“呼……终於回来了。”
莫德雷德將手里提著的一个巨大网兜隨手往地上一扔,里面装著几只还在张牙舞爪的深海大龙虾和几颗椰子。
她整个人呈大字型瘫倒在柔软的真皮沙发上,红白相间的运动比基尼外面只套了一件宽大的防晒衫,两条晒得微微发亮的长腿毫无形象地搭在茶几边缘。
“虽然在海里跟那几条鯊鱼徒手搏斗挺带劲的,但海水泡久了,总觉得身上黏糊糊的。我要第一个去泡澡!谁也別跟我抢!”
“身为骑士,在公眾场合如此衣衫不整且大呼小叫,你的礼仪课程需要重新回炉重造,莫德雷德卿。
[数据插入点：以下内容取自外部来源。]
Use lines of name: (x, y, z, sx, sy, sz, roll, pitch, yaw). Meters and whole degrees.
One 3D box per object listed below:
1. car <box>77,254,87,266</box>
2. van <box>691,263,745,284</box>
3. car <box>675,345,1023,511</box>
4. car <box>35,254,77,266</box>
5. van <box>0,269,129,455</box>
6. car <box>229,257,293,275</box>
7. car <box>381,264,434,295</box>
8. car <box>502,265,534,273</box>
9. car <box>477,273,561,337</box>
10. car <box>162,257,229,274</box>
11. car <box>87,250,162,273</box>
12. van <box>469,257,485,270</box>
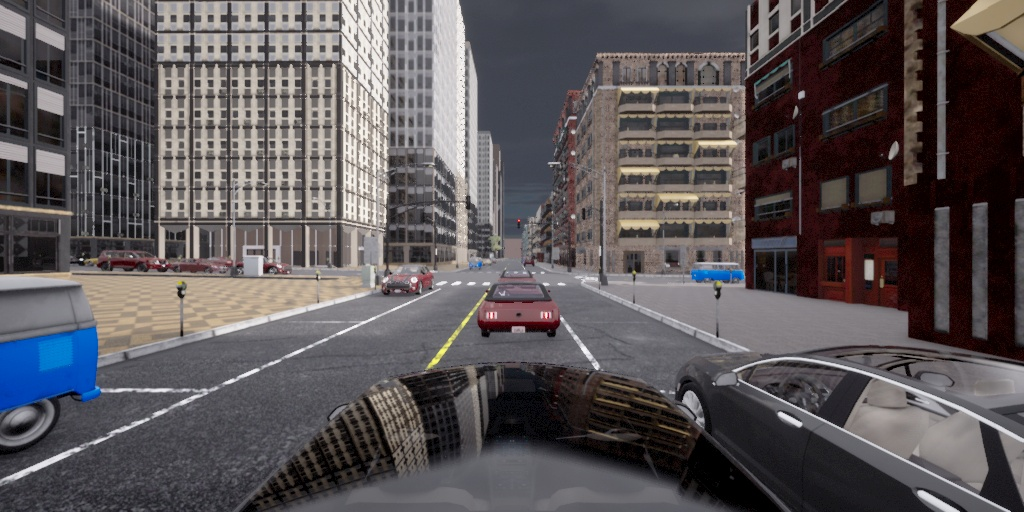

”
狮子王(ncer)慢条斯理地从光门残留的余波中走出。
她身上那件纯黑色的比基尼外披著一件雪白的长款浴巾,將那足以令所有女性感到绝望的傲人曲线半遮半掩。
她看了一眼地上的龙虾,碧绿的眸子里闪过一丝严谨的评估。
“而且,这些甲壳类生物的生命力正在流失。如果不儘快进行低温冷藏或烹飪,其肉质的蛋白质结构將会发生不可逆的劣化。saber,我建议立刻通知厨房。”
“不用你说我也知道!”
阿尔托莉雅(saber)不知何时已经蹲在了那个网兜旁边,头顶的呆毛像雷达一样疯狂转动。
她咽了口唾沫,眼神中闪烁著对食物的极度虔诚。
“我已经通知玉藻猫了!今晚的菜单必须加上『蒜蓉黄油烤龙虾』和『海鲜浓汤』!在热带海域消耗的卡路里,必须用最顶级的海鲜来填补!”
看著这群一回家就迅速进入“乾饭”和“抢浴室”状態的从者们,洛尘站在大厅中央,无奈地揉了揉眉心。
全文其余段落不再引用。